She displaced 10,000-tons and was just above 610 feet in length. With
a draft of 20 feet, there were 992 Sailors serving in Portsmouth. The
cruiser's machinery room had geared turbines that produced l00,000 Shaft
horsepower to four screws that in turn could propel the ship to a top speed
of of around 33 knots. Armament consisted of 12, six-inch and 12, five-inch
gunmounts as well as 16, 40mm and 10, 20mm antiaircraft gunmounts.
After shakedown operations off Cuba, Portsmouth was based at Norfolk,
and was used for the Operational Development Force until the spring of 1946.
In May, she departed on a goodwill cruise to Africa and after visiting
Capetown, Lagos, Freetown, Monrovia, Dakar, and Casablanca, steamed into the
Mediterranean for port calls at Naples, and Palermo before heading home. On
Nov. 25, she departed for a cruise to the Mediterranean. Arriving at Naples
on Dec. 7. She moved around the peninsula to Trieste at the end of the month
and until February 1947 cruised in the Adriatic Sea. The following month she
returned for another two weeks at Trieste and in April she sailed for the
United States. The following November she again steamed east to the
Mediterranean, returning to the East Coast for overhaul at Boston on March
11, 1948. On completion of overhaul she resumed type exercises off the
eastern seaboard and conducted Naval Reserve training cruises to the
Caribbean.

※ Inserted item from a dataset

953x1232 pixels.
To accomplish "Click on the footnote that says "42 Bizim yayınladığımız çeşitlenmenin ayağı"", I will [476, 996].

On March 9, 1949, she entered the Philadelphia Naval Shipyard for
an inactivation overhaul.
She was decommissioned on June 15, 1949 and joined the Atlantic Reserve
Fleet and into 1970 remained a unit of that fleet, berthed at Philadelphia.
She was stricken from the Navy Register on Jan. 15, 1971. She was sold
for scrapping on March 21, 1974.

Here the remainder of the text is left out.